Self-reflection in times of great emotional pain can be harrowingly difficult, both to experience and express outwardly. Sea of Solitude aims to capture the desolation of personal trauma and how to cope when you feel alone and there’s nobody who can help you. Despite some areas of writing and acting that lacked nuance, and gameplay taking a backseat to the story, Sea of Solitude does have poignant and beautiful moments in its 3-4 hour run-time that can make the experience worthwhile.
I do want to note real quick before we begin this review: While the review itself doesn’t go particularly in-depth with some of the emotional trauma featured in the game, readers should know that this game delves into issues of depression, anxiety and other forms of emotional trauma that may be disturbing to those affected by these issues in life. Let this message serve as a potential trigger warning before you begin reading the full review.
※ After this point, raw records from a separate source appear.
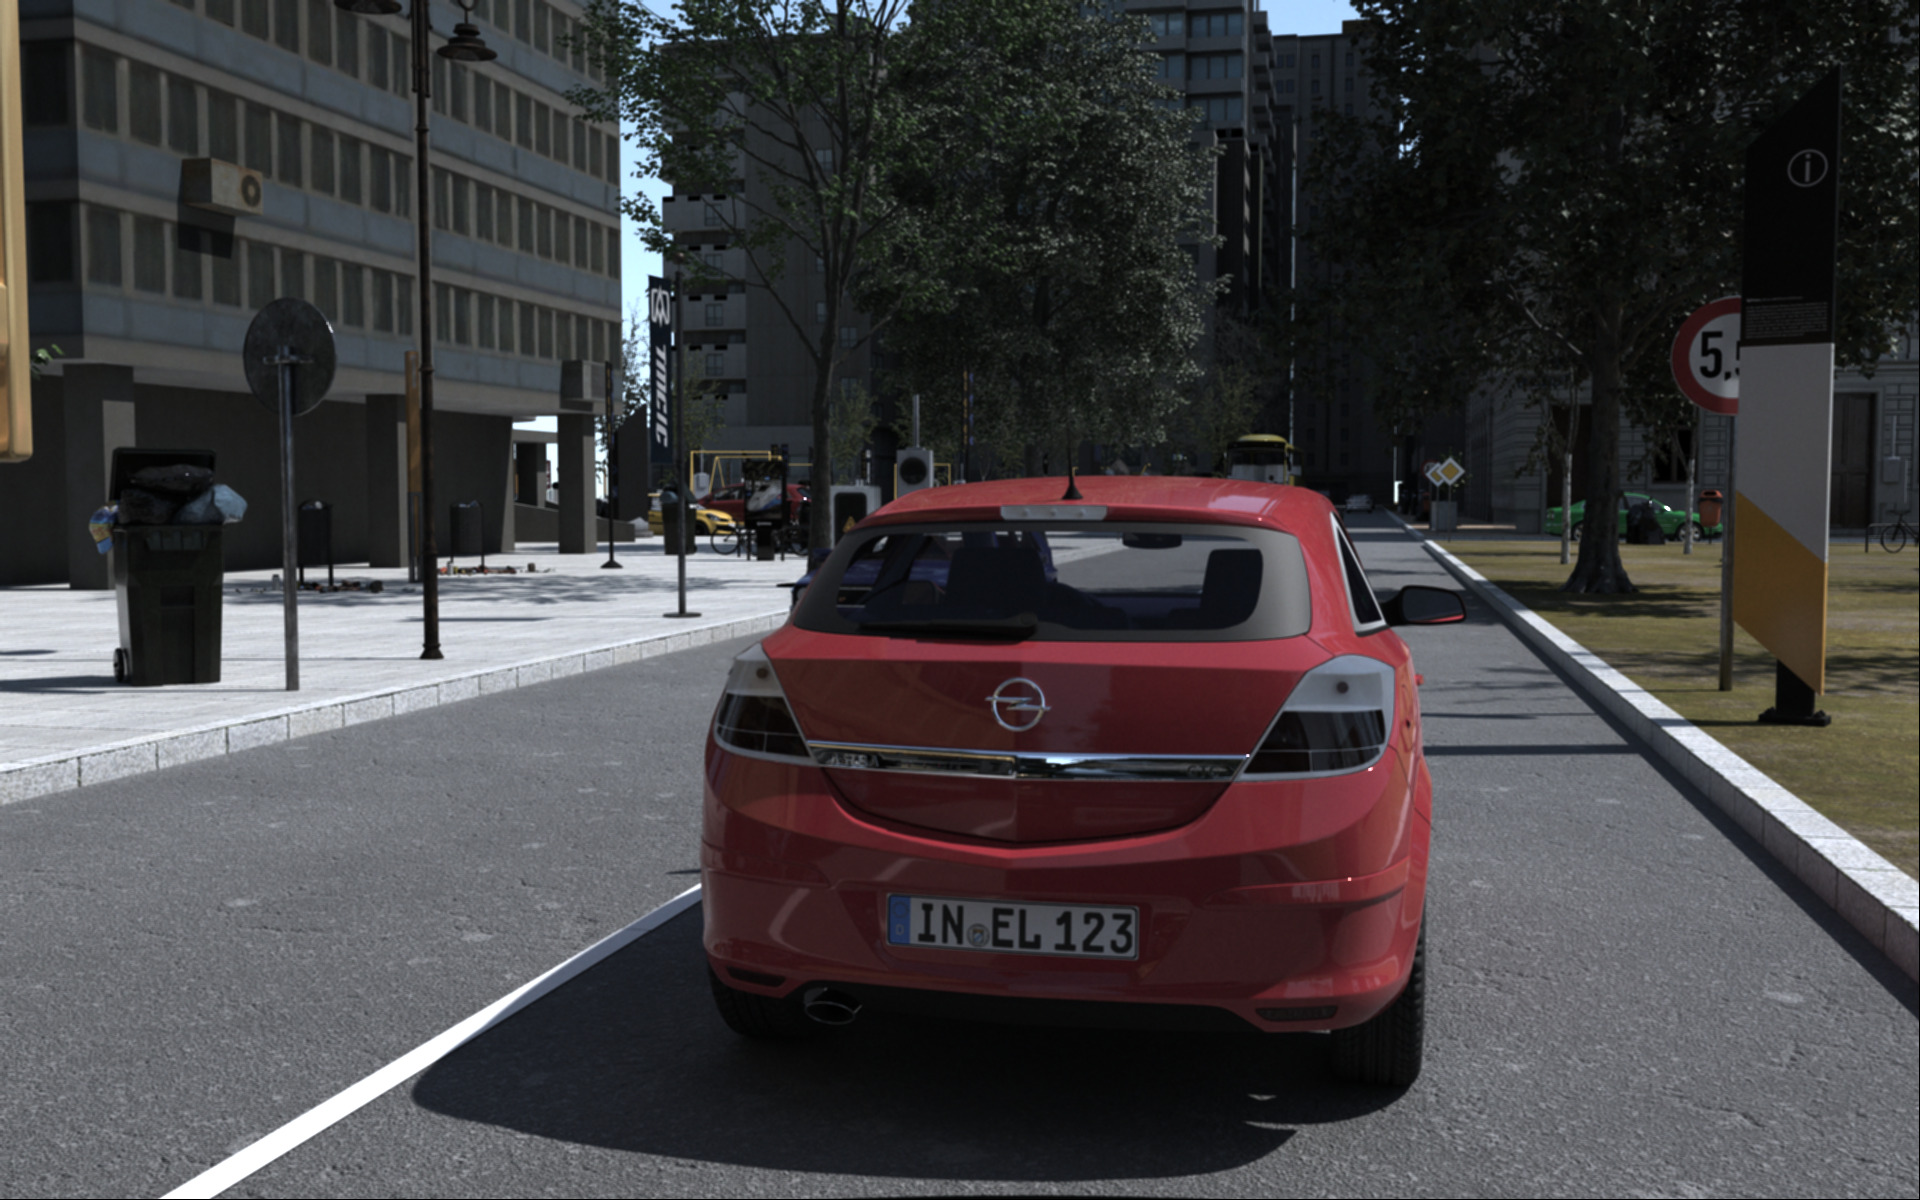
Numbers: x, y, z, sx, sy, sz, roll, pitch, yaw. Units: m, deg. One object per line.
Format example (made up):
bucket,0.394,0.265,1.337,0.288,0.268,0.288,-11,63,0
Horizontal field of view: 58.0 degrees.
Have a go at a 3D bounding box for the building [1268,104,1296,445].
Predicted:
building,30.505,-33.449,197.008,14.200,45.320,14.600,1,4,13

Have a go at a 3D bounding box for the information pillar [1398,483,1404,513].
information pillar,29.459,-6.801,115.681,0.304,2.012,0.304,-1,4,-14

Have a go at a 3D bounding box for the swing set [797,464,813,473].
swing set,-8.611,-5.681,90.507,3.119,2.851,2.862,0,4,-6

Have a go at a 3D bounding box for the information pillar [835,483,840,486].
information pillar,-8.374,-6.981,118.628,0.304,2.012,0.304,0,4,4

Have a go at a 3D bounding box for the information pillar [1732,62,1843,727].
information pillar,4.611,-1.119,9.644,0.504,3.616,0.183,3,4,36

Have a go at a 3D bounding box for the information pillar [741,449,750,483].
information pillar,-11.221,-6.069,90.577,0.504,3.616,0.183,-3,5,-40

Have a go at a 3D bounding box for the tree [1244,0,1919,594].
tree,8.524,-6.445,22.382,9.611,12.733,9.660,0,3,0

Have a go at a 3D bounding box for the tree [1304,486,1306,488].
tree,40.075,-12.882,205.226,1.663,3.219,1.824,0,3,0

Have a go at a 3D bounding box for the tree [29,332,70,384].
tree,-6.406,-0.944,10.032,1.663,3.219,1.824,0,3,0

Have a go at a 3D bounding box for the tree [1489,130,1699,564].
tree,10.889,-4.970,31.625,4.360,8.622,3.978,0,3,0

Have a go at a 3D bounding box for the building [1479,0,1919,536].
building,28.353,-13.519,57.195,21.152,22.565,11.583,1,4,13

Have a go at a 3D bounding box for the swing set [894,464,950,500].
swing set,-2.083,-5.668,90.294,3.119,2.851,2.862,0,4,-1

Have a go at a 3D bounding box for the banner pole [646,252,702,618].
banner pole,-2.986,-1.700,17.809,0.401,3.779,0.863,1,4,20

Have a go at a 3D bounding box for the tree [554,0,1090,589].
tree,-1.797,-5.978,23.497,9.928,11.665,9.643,0,3,0

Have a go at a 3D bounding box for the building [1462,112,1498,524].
building,31.415,-14.818,84.073,13.314,21.916,24.055,1,4,13

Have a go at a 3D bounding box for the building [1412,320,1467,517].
building,36.750,-17.840,110.745,14.314,24.678,30.058,1,4,13

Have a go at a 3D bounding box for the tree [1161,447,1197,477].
tree,8.978,-4.686,71.225,1.663,3.219,1.824,0,3,0

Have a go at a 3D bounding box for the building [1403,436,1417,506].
building,58.447,-53.044,179.933,22.319,86.520,31.000,1,4,13

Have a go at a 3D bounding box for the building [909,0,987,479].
building,8.884,-40.122,197.990,28.212,58.520,21.231,1,4,13

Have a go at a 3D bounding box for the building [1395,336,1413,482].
building,61.237,-32.446,214.089,14.086,41.232,14.154,1,4,13

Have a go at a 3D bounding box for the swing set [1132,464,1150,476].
swing set,9.794,-5.665,90.236,2.862,2.851,3.119,0,4,7

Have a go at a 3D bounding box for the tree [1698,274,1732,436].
tree,15.440,-5.300,37.015,4.360,8.622,3.978,0,3,0

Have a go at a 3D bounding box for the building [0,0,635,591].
building,-20.099,-20.884,33.335,23.993,40.220,32.217,1,4,13

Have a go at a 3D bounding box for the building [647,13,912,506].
building,-19.149,-37.392,200.603,27.495,52.752,28.713,1,4,13

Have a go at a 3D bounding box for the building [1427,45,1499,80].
building,42.710,-27.506,133.322,14.154,41.232,14.086,1,4,13

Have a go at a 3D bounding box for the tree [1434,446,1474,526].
tree,19.671,-4.563,69.201,1.663,3.219,1.824,0,3,0

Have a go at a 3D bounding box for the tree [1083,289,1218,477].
tree,6.916,-6.813,61.760,4.360,8.622,3.978,0,3,0

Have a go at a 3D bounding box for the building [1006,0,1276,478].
building,17.514,-33.104,160.859,23.786,49.044,30.456,1,4,13

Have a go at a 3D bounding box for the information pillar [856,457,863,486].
information pillar,-5.718,-6.558,98.570,0.504,3.616,0.183,3,5,40

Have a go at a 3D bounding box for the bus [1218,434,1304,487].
bus,13.234,-5.094,74.835,2.896,3.916,12.252,1,4,15

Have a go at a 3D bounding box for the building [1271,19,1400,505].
building,41.276,-41.533,221.071,28.212,58.520,21.231,1,4,13

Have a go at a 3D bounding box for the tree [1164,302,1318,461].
tree,17.510,-12.264,110.890,12.009,13.543,11.850,0,3,0

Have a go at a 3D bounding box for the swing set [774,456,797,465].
swing set,-8.858,-4.527,71.644,3.119,2.851,2.862,1,4,16

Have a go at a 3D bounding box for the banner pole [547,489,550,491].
banner pole,-33.061,-9.093,138.691,0.863,3.779,0.401,0,4,5

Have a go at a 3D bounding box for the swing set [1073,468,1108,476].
swing set,8.227,-6.400,102.265,3.119,2.851,2.862,0,4,5

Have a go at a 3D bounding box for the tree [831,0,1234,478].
tree,1.659,-8.203,40.780,9.857,13.997,8.962,0,3,0

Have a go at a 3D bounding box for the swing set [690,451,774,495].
swing set,-8.490,-4.015,63.269,3.119,2.851,2.862,0,4,-5

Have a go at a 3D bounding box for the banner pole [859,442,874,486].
banner pole,-4.281,-5.663,82.614,0.401,3.779,0.863,2,4,29

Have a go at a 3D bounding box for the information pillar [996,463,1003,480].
information pillar,2.917,-8.340,127.714,0.504,3.616,0.183,1,4,23

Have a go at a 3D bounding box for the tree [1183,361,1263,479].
tree,14.523,-8.854,95.128,4.737,8.622,4.395,0,3,0

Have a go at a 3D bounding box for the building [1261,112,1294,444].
building,27.384,-30.461,181.623,14.154,41.232,14.086,1,4,13

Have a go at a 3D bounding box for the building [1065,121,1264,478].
building,16.529,-22.399,137.920,14.160,30.474,14.107,1,4,13

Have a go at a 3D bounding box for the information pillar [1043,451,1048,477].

Platform(s): PC (Reviewed), PS4, Xbox One
Publisher(s): Electronic Arts
Developer(s): Jo-Mei Games
Release Date: July 5, 2019
Price: $19.99
Players follow the story of Kay, a young woman in a depressive and traumatic state, adrift in a tiny boat surrounded by a city submerged in the ocean. Dazed and confused, Kay has taken on a dark demon-like appearance seemingly without reason. Little does she know that she’s become the very darkness in her life she’s cultivated through years of selfish abuse of the friends and family around her.
Among the city are several “monsters,” physical manifestations of Kay and her family’s darkest psychic trauma. Kay has to piece together her family, herself and repair the emotional damage caused by her upbringing and early life. The journey leads Kay across several different parts of the city as she attempts to mend the pain, with sea levels rising and falling with her emotional state. This is a game about forgiveness, understanding, and letting go of the emotions that hold you back.
The sunken city itself, inspired by real-life Berlin, has a beautiful art-style blending the warmer colors of the buildings with the cooler ocean and sky enveloping it. A subtle soundtrack ranges from sublime to melancholy, intense to calming, as the waves crash against the facades of buildings. In the early stages of the game, it’s hard not to feel a desire for exploration and see what the city has to hide. Sea of Solitude‘s environments constantly shift with the rising and lowering of the tide, opening up several parts of the city previously unreachable. Weather swaps from sunny and warm to stormy and dark, all depending on where Kay is in the world and what she’s interacting with. The game has no issue injecting variety in its design, with intense tonal and environmental shifts occurring throughout the game that always creates a new perspective on an area of the city or the sea. The first act is very open-ended and exploration based, allowing players to explore a majority of the sunken metro area in their boat before progressing the story. The remaining acts trend the game towards a more linear path, so it’s best to knock out all the exploration early before the story really ramps up.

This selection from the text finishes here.